Massachusetts General Hospital Cancer Center, Harvard Medical School, Boston, MA, USA.
Dana-Farber Cancer Institute, Harvard Medical School, Boston, MA, USA.
Nat Commun. 2022 Mar 14;13(1):1325. doi: 10.1038/s41467-022-29052-7.
High-grade meningiomas are associated with neuro-cognitive morbidity and have limited treatments. High-grade meningiomas harbor an immunosuppressive tumor microenvironment (TME) and programmed death-ligand 1 (PD-L1) expression may contribute to their aggressive phenotype. Here, we present the results of a single-arm, open-label phase 2 trial (NCT03279692) evaluating the efficacy of pembrolizumab, a PD-1 inhibitor, in a cohort of 25 evaluable patients with recurrent and progressive grade 2 and 3 meningiomas. The primary endpoint is the proportion of patients alive and progression-free at 6 months (PFS-6). Secondary endpoints include progression-free and overall survival, best intracranial response, and toxicity. Our study has met its primary endpoint and achieved a PFS-6 rate of 0.48 (90% exact CI: 0.31-0.66) and a median PFS of 7.6 months (90% CI: 3.4-12.9 months). Twenty percent of patients have experienced one (or more) grade-3 or higher treatment-related adverse events. These results suggest that pembrolizumab exerts promising efficacy on a subset of these tumors. Further studies are needed to identify the biological facets within the meningioma TME that may drive response to immune-based therapies.

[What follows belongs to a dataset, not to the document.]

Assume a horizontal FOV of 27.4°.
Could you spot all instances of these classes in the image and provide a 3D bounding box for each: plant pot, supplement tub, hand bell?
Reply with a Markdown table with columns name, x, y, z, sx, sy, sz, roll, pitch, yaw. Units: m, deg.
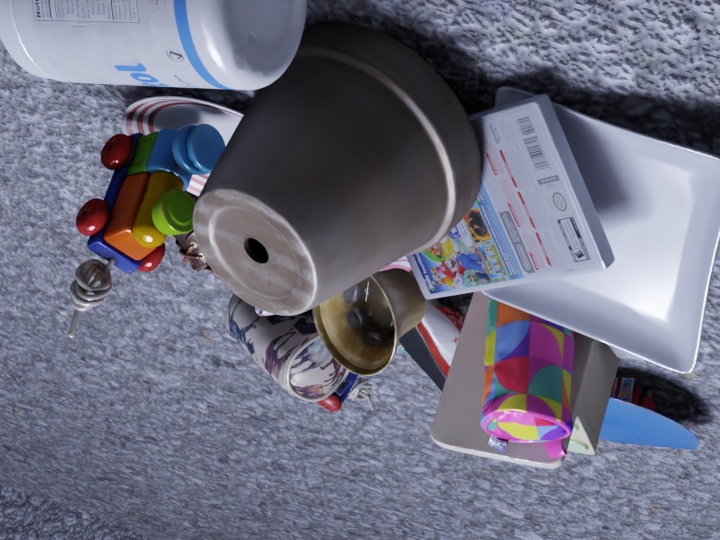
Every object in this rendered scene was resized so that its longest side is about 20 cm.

高级别脑膜瘤与神经认知发病率相关,且治疗选择有限。高级别脑膜瘤存在免疫抑制性肿瘤微环境(TME),程序性死亡配体 1(PD-L1)的表达可能有助于其侵袭性表型。在此,我们报告了一项单臂、开放标签的 2 期临床试验(NCT03279692)的结果,该试验评估了 PD-1 抑制剂 pembrolizumab 用于 25 例复发性和进行性 2 级和 3 级脑膜瘤患者的疗效。主要终点是 6 个月时无进展生存(PFS-6)的患者比例。次要终点包括无进展生存和总生存、最佳颅内反应和毒性。我们的研究达到了主要终点,PFS-6 率为 0.48(90%确切 CI:0.31-0.66),中位 PFS 为 7.6 个月(90%CI:3.4-12.9 个月)。20%的患者经历了一次(或多次)3 级或更高的治疗相关不良事件。这些结果表明,pembrolizumab 对这些肿瘤的亚组具有良好的疗效。需要进一步的研究来确定脑膜瘤 TME 中可能导致对免疫治疗反应的生物学特征。